Our time is up in the Schengen Zone, so back to the UK we go. We had a day in Edinburgh before heading out to the countryside, so we hit the streets. After a month in central Europe, it was a bit of an adjustment to remember which way to look before crossing the road; I’d also forgotten the terrible timing of the lights, which means that everyone just jaywalks all the time.
Breakfast was at a little coffee/toastie shop where the man behind the counter knew the orders of all the regulars. While waiting on what looked like an old church pew for my coffee, I saw a book about the Cold War in Scotland, with a handwritten dedication to “the best coffee shop in the world.” Turns out the book was from an exhibit at the National Museum of Scotland, which happened to be across the street. Presumably some of its employees were regulars at the coffee place.
Having been going down all sorts of Cold War rabbit holes while in Berlin, I decided we had to head across the street. Though the exhibit was small, it was a comprehensive look at how Scotland’s unique geography made it a key location for American bases, nuclear research, and missle sites. In response to all of these military installations, there was a large anti-nuclear movement — a joining of both peace and environmental activists — in Scotland, especially in the 1970s and 1980s. The exhibit also contained a model nuclear power plant for kids (given what I know about the safety of children’s toys from the 1950s, I wondered if it had some uranium in it too).

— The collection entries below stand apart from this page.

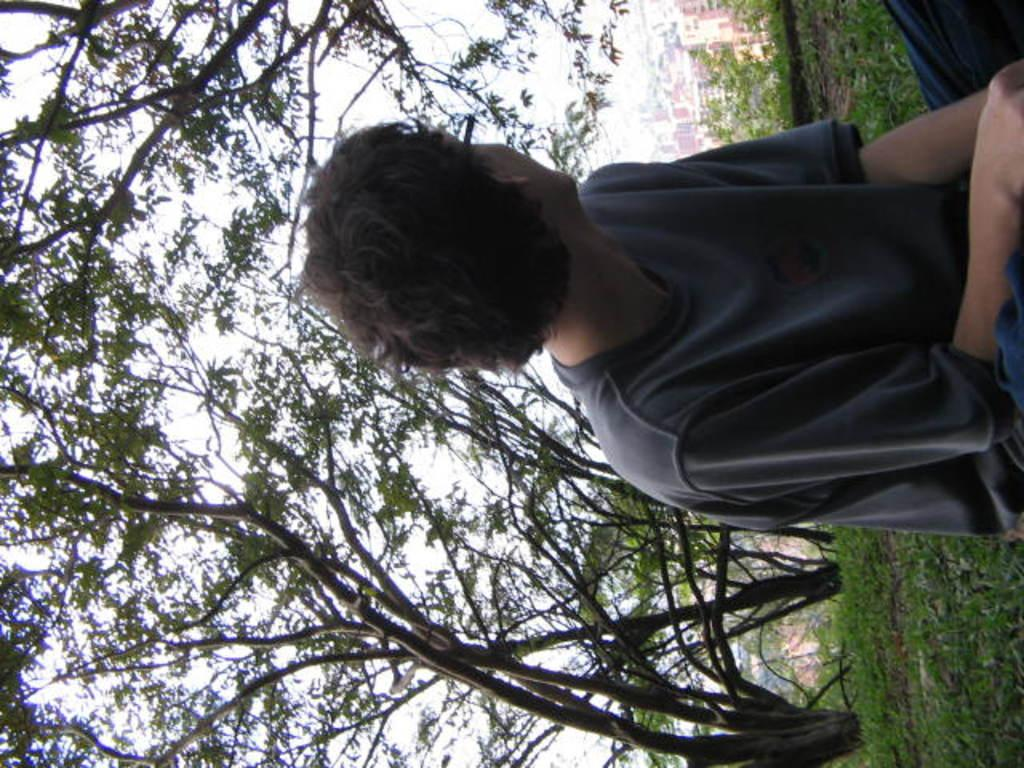What is the person in the image doing? The person is sitting on the ground. What type of surface is the person sitting on? There is grass on the ground. What can be seen in the background of the image? There are buildings and trees in the background of the image. How would you describe the sky in the image? The sky is cloudy. What type of whistle can be heard coming from the trees in the image? There is no whistle present in the image, and no indication of any sound coming from the trees. 
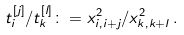Convert formula to latex. <formula><loc_0><loc_0><loc_500><loc_500>t ^ { [ j ] } _ { i } / t ^ { [ l ] } _ { k } \colon = { x _ { i , i + j } ^ { 2 } } / { x _ { k , k + l } ^ { 2 } } \, .</formula> 
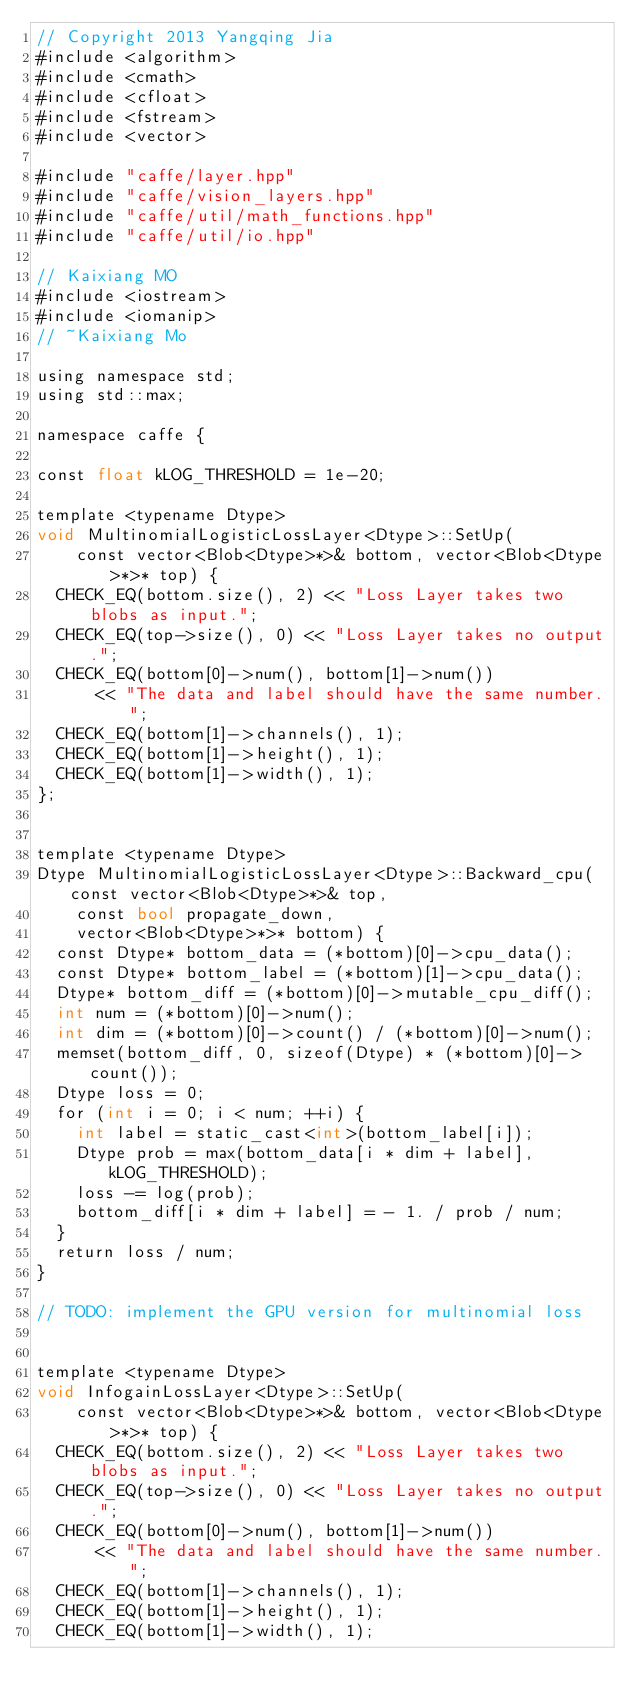<code> <loc_0><loc_0><loc_500><loc_500><_Cuda_>// Copyright 2013 Yangqing Jia
#include <algorithm>
#include <cmath>
#include <cfloat>
#include <fstream>
#include <vector>

#include "caffe/layer.hpp"
#include "caffe/vision_layers.hpp"
#include "caffe/util/math_functions.hpp"
#include "caffe/util/io.hpp"

// Kaixiang MO
#include <iostream>
#include <iomanip>
// ~Kaixiang Mo

using namespace std;
using std::max;

namespace caffe {

const float kLOG_THRESHOLD = 1e-20;

template <typename Dtype>
void MultinomialLogisticLossLayer<Dtype>::SetUp(
		const vector<Blob<Dtype>*>& bottom, vector<Blob<Dtype>*>* top) {
	CHECK_EQ(bottom.size(), 2) << "Loss Layer takes two blobs as input.";
	CHECK_EQ(top->size(), 0) << "Loss Layer takes no output.";
	CHECK_EQ(bottom[0]->num(), bottom[1]->num())
			<< "The data and label should have the same number.";
	CHECK_EQ(bottom[1]->channels(), 1);
	CHECK_EQ(bottom[1]->height(), 1);
	CHECK_EQ(bottom[1]->width(), 1);
};


template <typename Dtype>
Dtype MultinomialLogisticLossLayer<Dtype>::Backward_cpu(const vector<Blob<Dtype>*>& top,
		const bool propagate_down,
		vector<Blob<Dtype>*>* bottom) {
	const Dtype* bottom_data = (*bottom)[0]->cpu_data();
	const Dtype* bottom_label = (*bottom)[1]->cpu_data();
	Dtype* bottom_diff = (*bottom)[0]->mutable_cpu_diff();
	int num = (*bottom)[0]->num();
	int dim = (*bottom)[0]->count() / (*bottom)[0]->num();
	memset(bottom_diff, 0, sizeof(Dtype) * (*bottom)[0]->count());
	Dtype loss = 0;
	for (int i = 0; i < num; ++i) {
		int label = static_cast<int>(bottom_label[i]);
		Dtype prob = max(bottom_data[i * dim + label], kLOG_THRESHOLD);
		loss -= log(prob);
		bottom_diff[i * dim + label] = - 1. / prob / num;
	}
	return loss / num;
}

// TODO: implement the GPU version for multinomial loss


template <typename Dtype>
void InfogainLossLayer<Dtype>::SetUp(
		const vector<Blob<Dtype>*>& bottom, vector<Blob<Dtype>*>* top) {
	CHECK_EQ(bottom.size(), 2) << "Loss Layer takes two blobs as input.";
	CHECK_EQ(top->size(), 0) << "Loss Layer takes no output.";
	CHECK_EQ(bottom[0]->num(), bottom[1]->num())
			<< "The data and label should have the same number.";
	CHECK_EQ(bottom[1]->channels(), 1);
	CHECK_EQ(bottom[1]->height(), 1);
	CHECK_EQ(bottom[1]->width(), 1);</code> 
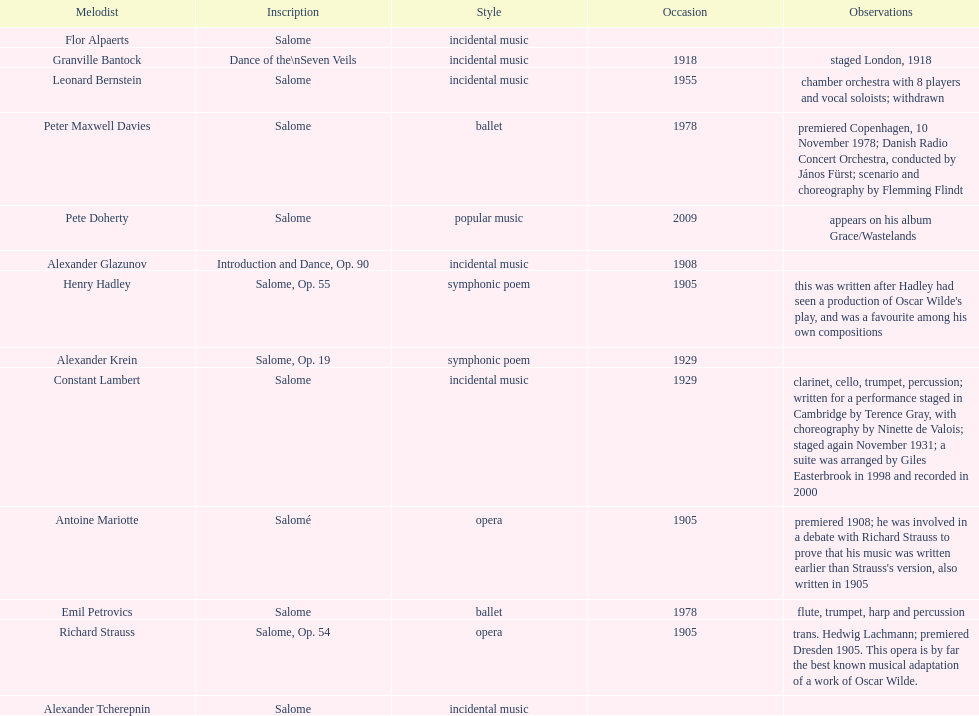Which composer produced his title after 2001? Pete Doherty. 
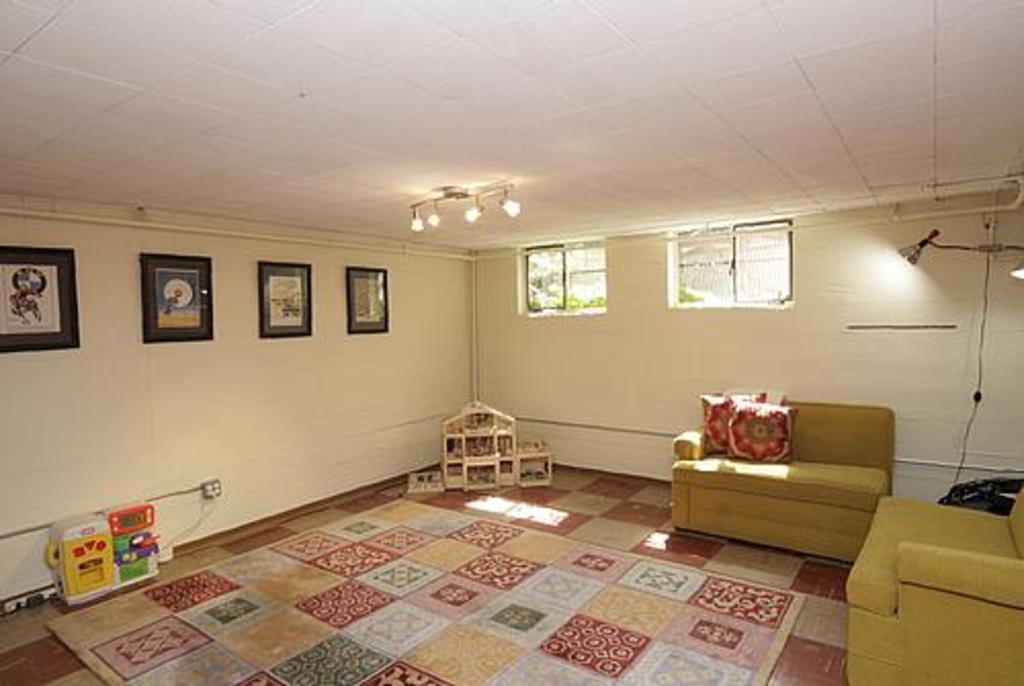In one or two sentences, can you explain what this image depicts? This is a room where we can see the sofas placed in the right side and the pillows on the sofa and the floor mat on the left side of wall we have four frames and on the right wall we have two windows and a light on the right wall. 
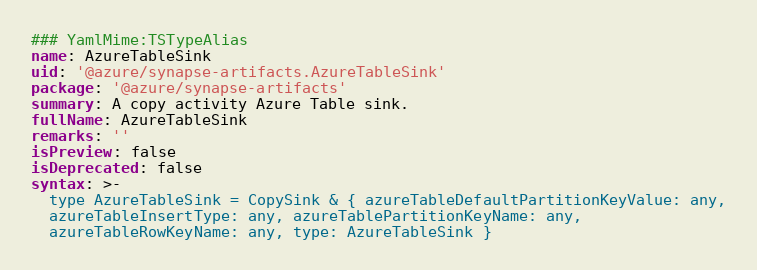Convert code to text. <code><loc_0><loc_0><loc_500><loc_500><_YAML_>### YamlMime:TSTypeAlias
name: AzureTableSink
uid: '@azure/synapse-artifacts.AzureTableSink'
package: '@azure/synapse-artifacts'
summary: A copy activity Azure Table sink.
fullName: AzureTableSink
remarks: ''
isPreview: false
isDeprecated: false
syntax: >-
  type AzureTableSink = CopySink & { azureTableDefaultPartitionKeyValue: any,
  azureTableInsertType: any, azureTablePartitionKeyName: any,
  azureTableRowKeyName: any, type: AzureTableSink }
</code> 
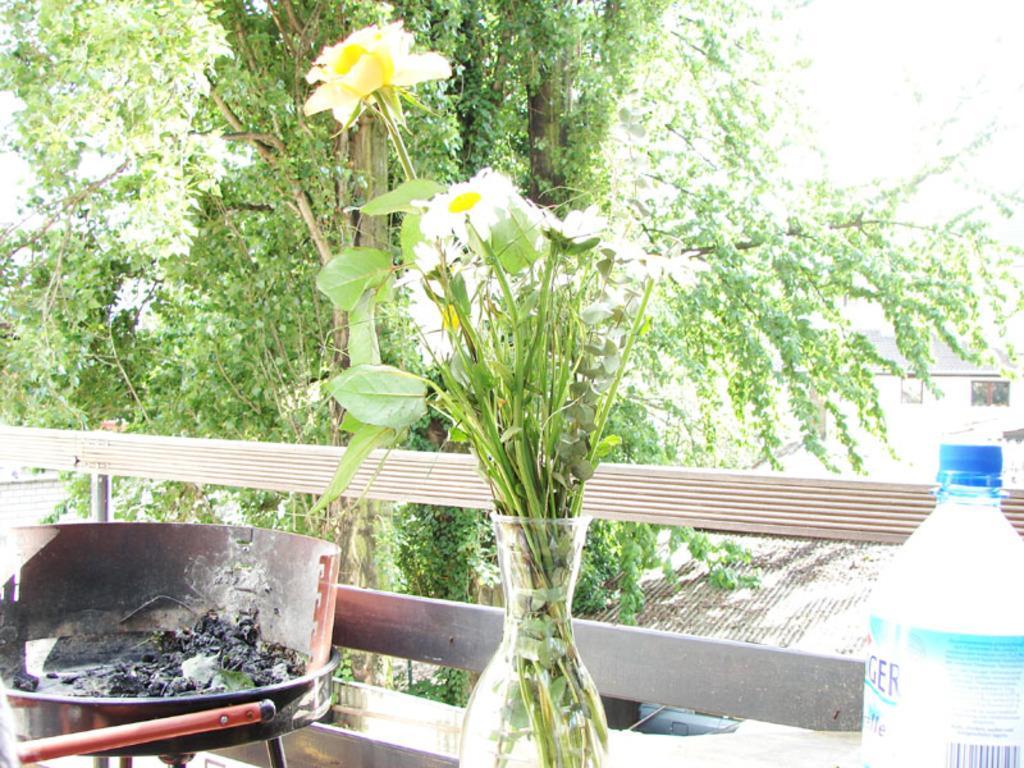In one or two sentences, can you explain what this image depicts? There is vase with with white flowers and leaves in it and beside that there is a bottle and other side there is a coal burning in tray. Behind that there are so many trees.

We decided to take a peek at the rest of the museum, which turned out to be a sprawling, labyrinth of Scottish history - like they took all of the Smithsonian museums and smooshed them into one building. Everything from parts of a church to a locomotive to a model of an offshore oil derrick to Dolly the Sheep (yes, the corpse of the first cloned mammal was on display). This was not a collection you could merely peek at.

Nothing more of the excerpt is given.